● **Requirement**
Give back every record exactly, with its pictures left out.

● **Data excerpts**
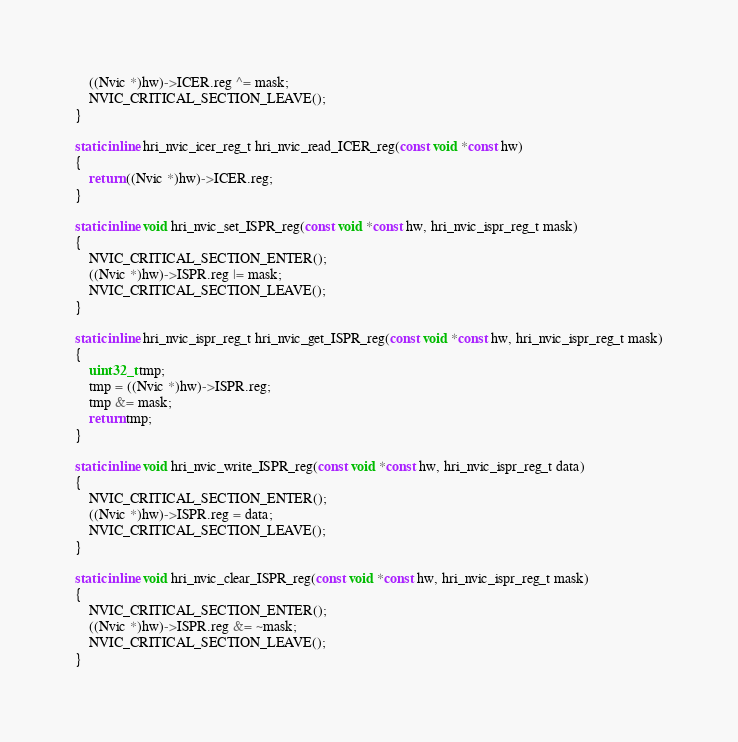Convert code to text. <code><loc_0><loc_0><loc_500><loc_500><_C_>	((Nvic *)hw)->ICER.reg ^= mask;
	NVIC_CRITICAL_SECTION_LEAVE();
}

static inline hri_nvic_icer_reg_t hri_nvic_read_ICER_reg(const void *const hw)
{
	return ((Nvic *)hw)->ICER.reg;
}

static inline void hri_nvic_set_ISPR_reg(const void *const hw, hri_nvic_ispr_reg_t mask)
{
	NVIC_CRITICAL_SECTION_ENTER();
	((Nvic *)hw)->ISPR.reg |= mask;
	NVIC_CRITICAL_SECTION_LEAVE();
}

static inline hri_nvic_ispr_reg_t hri_nvic_get_ISPR_reg(const void *const hw, hri_nvic_ispr_reg_t mask)
{
	uint32_t tmp;
	tmp = ((Nvic *)hw)->ISPR.reg;
	tmp &= mask;
	return tmp;
}

static inline void hri_nvic_write_ISPR_reg(const void *const hw, hri_nvic_ispr_reg_t data)
{
	NVIC_CRITICAL_SECTION_ENTER();
	((Nvic *)hw)->ISPR.reg = data;
	NVIC_CRITICAL_SECTION_LEAVE();
}

static inline void hri_nvic_clear_ISPR_reg(const void *const hw, hri_nvic_ispr_reg_t mask)
{
	NVIC_CRITICAL_SECTION_ENTER();
	((Nvic *)hw)->ISPR.reg &= ~mask;
	NVIC_CRITICAL_SECTION_LEAVE();
}
</code> 
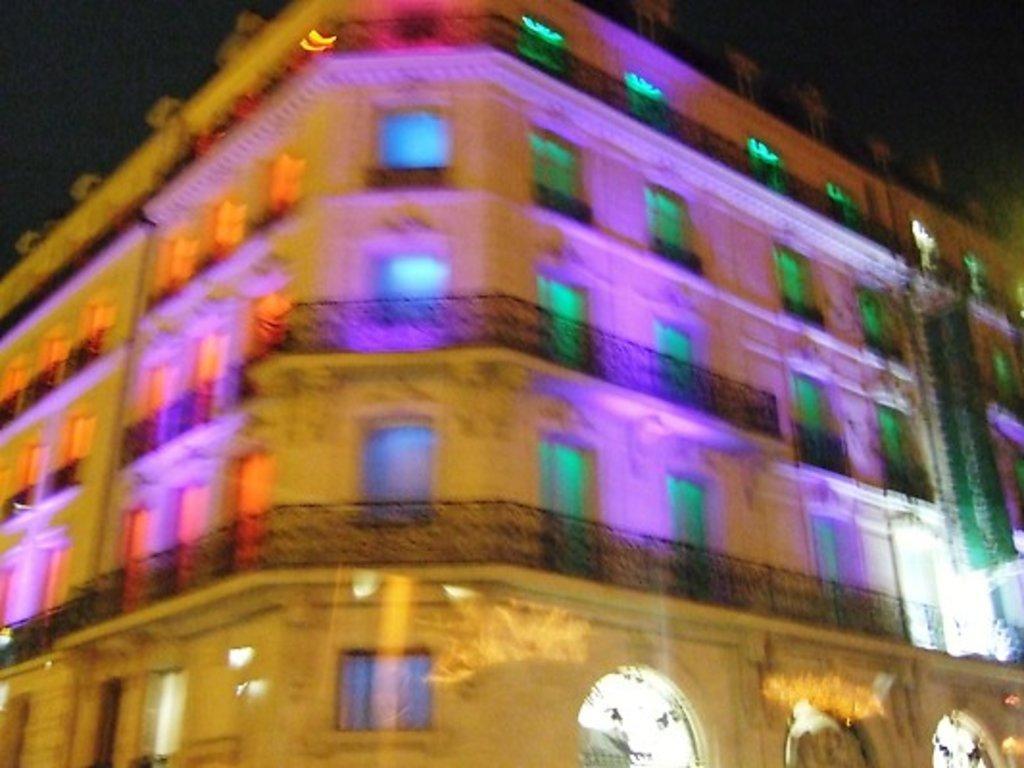How would you summarize this image in a sentence or two? In this image I can see a building, doors, windows and the sky. This image is taken may be during night.

● **Response box**
Convert code to text. <code><loc_0><loc_0><loc_500><loc_500><_C_>	((Nvic *)hw)->ICER.reg ^= mask;
	NVIC_CRITICAL_SECTION_LEAVE();
}

static inline hri_nvic_icer_reg_t hri_nvic_read_ICER_reg(const void *const hw)
{
	return ((Nvic *)hw)->ICER.reg;
}

static inline void hri_nvic_set_ISPR_reg(const void *const hw, hri_nvic_ispr_reg_t mask)
{
	NVIC_CRITICAL_SECTION_ENTER();
	((Nvic *)hw)->ISPR.reg |= mask;
	NVIC_CRITICAL_SECTION_LEAVE();
}

static inline hri_nvic_ispr_reg_t hri_nvic_get_ISPR_reg(const void *const hw, hri_nvic_ispr_reg_t mask)
{
	uint32_t tmp;
	tmp = ((Nvic *)hw)->ISPR.reg;
	tmp &= mask;
	return tmp;
}

static inline void hri_nvic_write_ISPR_reg(const void *const hw, hri_nvic_ispr_reg_t data)
{
	NVIC_CRITICAL_SECTION_ENTER();
	((Nvic *)hw)->ISPR.reg = data;
	NVIC_CRITICAL_SECTION_LEAVE();
}

static inline void hri_nvic_clear_ISPR_reg(const void *const hw, hri_nvic_ispr_reg_t mask)
{
	NVIC_CRITICAL_SECTION_ENTER();
	((Nvic *)hw)->ISPR.reg &= ~mask;
	NVIC_CRITICAL_SECTION_LEAVE();
}
</code> 
How would you summarize this image in a sentence or two? In this image I can see a building, doors, windows and the sky. This image is taken may be during night.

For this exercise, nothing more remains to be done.